Création d’un boîtier d’alimentation-commandé

Cette partie du projet fût sans doute la partie qui se rapproche le plus du milieu de l’ingénierie, car nous avons dû créer un boitier qui permet d’alimenter un moteur en 9 volts ainsi que de changer sa direction et sa vitesse. Pour ce faire nous étions épaulé par M. Verron, qui nous a lancé sur plusieurs pistes. L’une de ces pistes a été notre point de départ ; l’obtention d’une plaque Arduino Uno qui permet de contrôler des composants électroniques. Nous avons donc ensuite acheté et trouvé les autres pièces nécessaires (potentiomètre, bouton, câble, boitier 6 piles) et nous avons pu commencer le montage. Avant de tester notre circuit électronique et d’estimer sa taille pour de construire la structure du boitier, nous avons utilisé une breadboard où nous avons pu tester tous ces branchements ainsi que notre code. Cette plaque Arduino permet de contrôler des composants électroniques mais pour ce faire il faut bien sûr écrire un code qui lui dise quoi faire !

Lorsque nous avons fini tous ces tests nous nous sommes lancés dans la création de la structure du boitier, pour ce faire nous avons décidé de modéliser notre pièce sur SolidWorks, un logiciel de CAO. Une fois les pièces définies sur ce logiciel nous les avons imprimées grâce à une imprimante 3D. Cela à pris environ 15 h !

A ce stade il ne nous restait plus qu’une étape, mettre le circuit électronique dans le boitier vide et assembler tout le circuit de manière définitive en soudant fils et composants avec de l’étain. Cette méthode de soudage à l’étain est très pratique et très répandue, elle nous a permis de souder tout nos composants ente eux par l’intérim de fils conducteurs.

Le boitier est donc maintenant fini et nous allons pouvoir l’utiliser pour alimenter le moteur qui animera nos figures.

Boitier terminé

Réflexion sur la motorisation des structures

En ce qui concerne la motorisation, nous avons réaliser différentes structures animées par un moteur électrique, qui s’est révélé être le plus pratique en raison de sa rotation régulière et constante. De plus, ce type de moteur offre une puissance suffisante mais aussi variable, grâce au boitier que nous avons réalisé, pour faire fonctionner une grande diversité de figures.

En ce qui concerne un nouveau mode de motorisation, nous avons trouvé la solution du moteur à friction. Ce moteur est alimenté manuellement en compressant un ressort pour le charger. Cette action comprime donc un ressort qui, une fois relâché, produit un mouvement de rotation. Ce mouvement généré par ce moteur est similaire à celui du moteur électrique, mais il est beaucoup moins pratique en raison de son manque de puissance. De plus ce mouvement n’est pas fluide, au contraire il est explosif et rapide car le ressort se décompresse rapidement et brusquement.

Ensuite, nous avons envisagé une troisième solution de motorisation, mais après plusieurs recherches infructueuses, nous avons conclu que la solution résidait dans l’énergie manuelle. Nous avons donc simplement ajouté une poignée à la figure “Hoberman Mechanism 2” que nous n’arrivions pas à faire tourner avec un moteur. Nous avons adapté la figure en lui ajoutant une poignée pour la tenir à la main et la faire tourner manuellement.

Figure “Hoberman Mechanism 2”

Création de structures différemment motorisées

Nous avons abouti à trois structures différemment motorisées.
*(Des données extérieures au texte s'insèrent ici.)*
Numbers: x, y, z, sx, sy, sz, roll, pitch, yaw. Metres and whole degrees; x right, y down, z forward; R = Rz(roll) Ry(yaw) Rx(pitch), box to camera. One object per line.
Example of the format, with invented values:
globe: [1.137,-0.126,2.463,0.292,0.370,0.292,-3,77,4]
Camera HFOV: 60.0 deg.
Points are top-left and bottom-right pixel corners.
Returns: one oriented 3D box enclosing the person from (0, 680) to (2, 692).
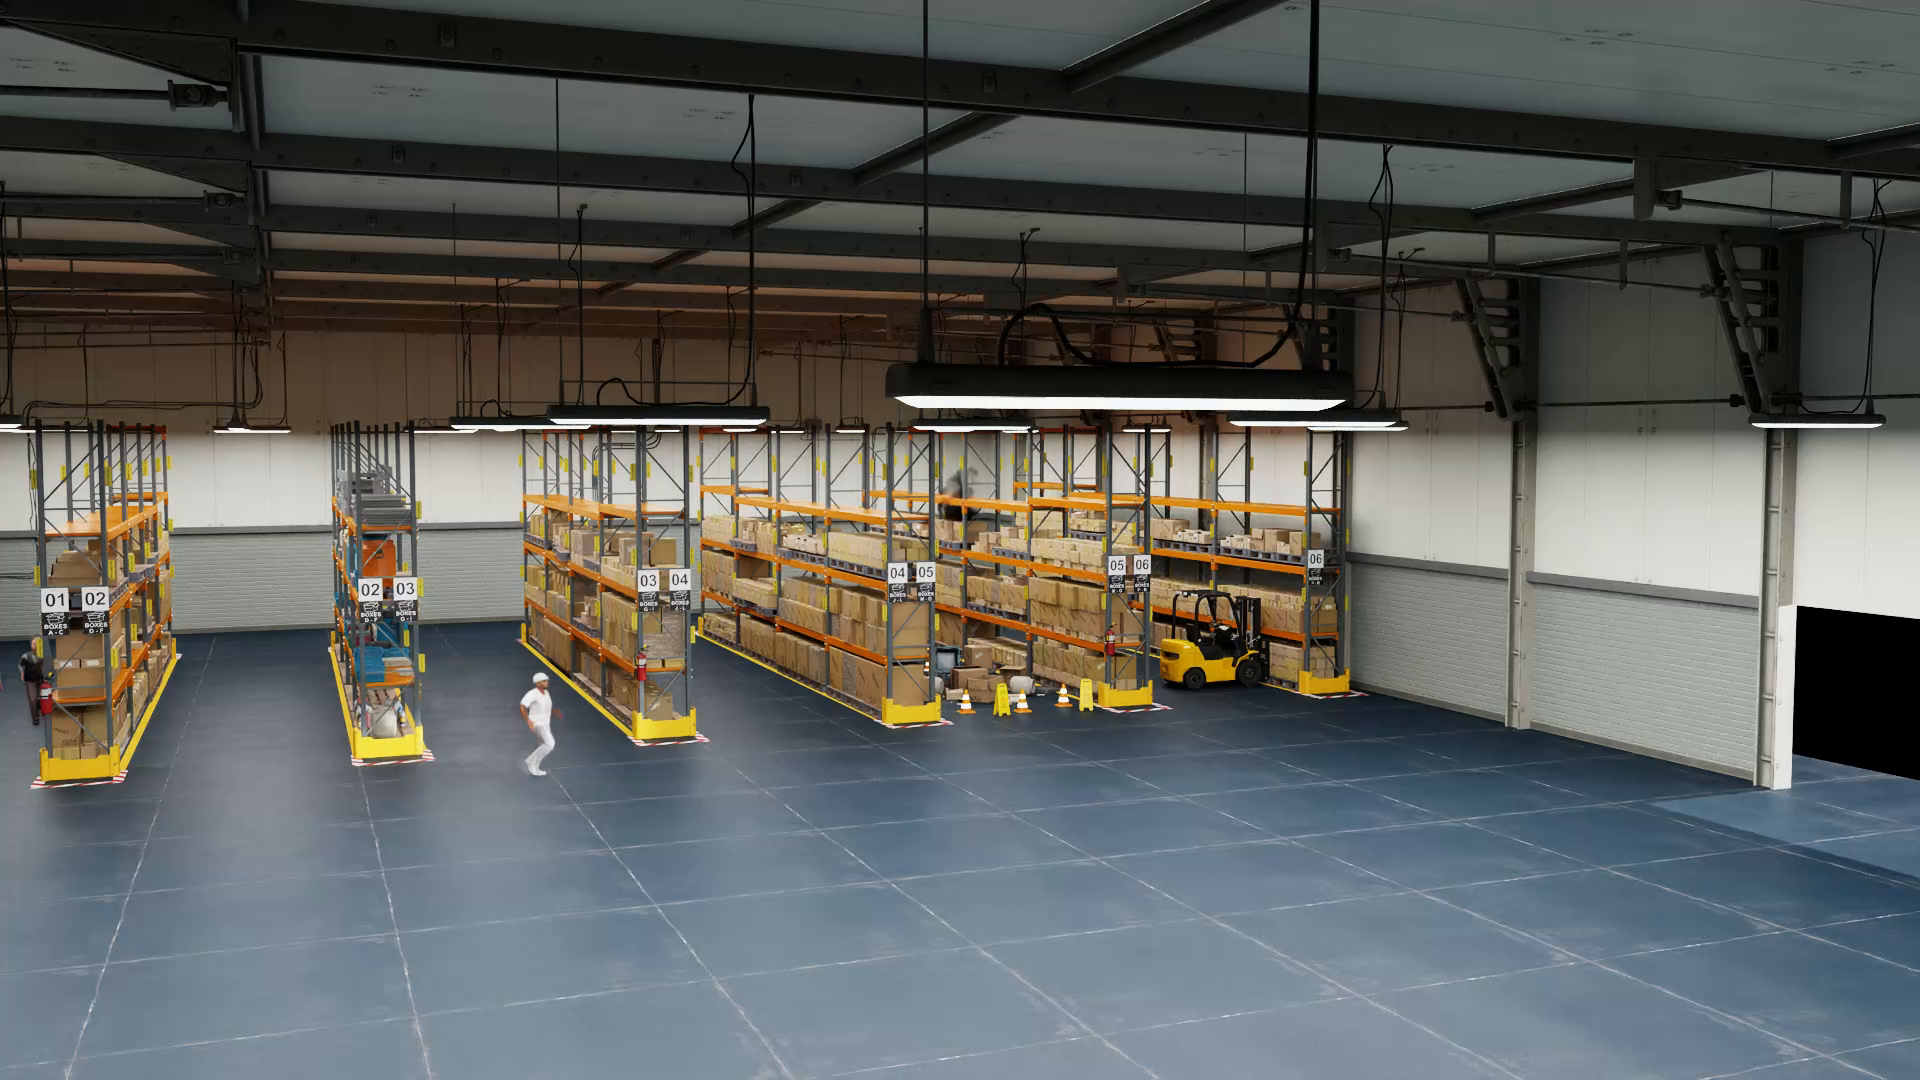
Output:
person: [-17.704,2.971,30.088,0.659,1.742,0.708,-2,4,-29]

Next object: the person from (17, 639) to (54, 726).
person: [-18.347,2.815,33.040,0.668,1.689,0.803,-2,4,-27]

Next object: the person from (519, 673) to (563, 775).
person: [-7.021,3.099,28.021,0.574,1.729,0.706,0,4,7]

La première figure est “Slithy Toves“. Elle consiste en plusieurs branches qui se tiennent sur une base munie d’engrenages. Cette figure est assez impressionnante car les branches s’entrecroisent constamment mais ne se bloquent jamais dans leur rotation. Pour mettre en mouvement cette structure, nous avons utilisé le “Servomoteur moyen EV3 LEGO Mindstorm” qui est un moteur avec une puissance moyenne permettant de faire une rotation de manière simple.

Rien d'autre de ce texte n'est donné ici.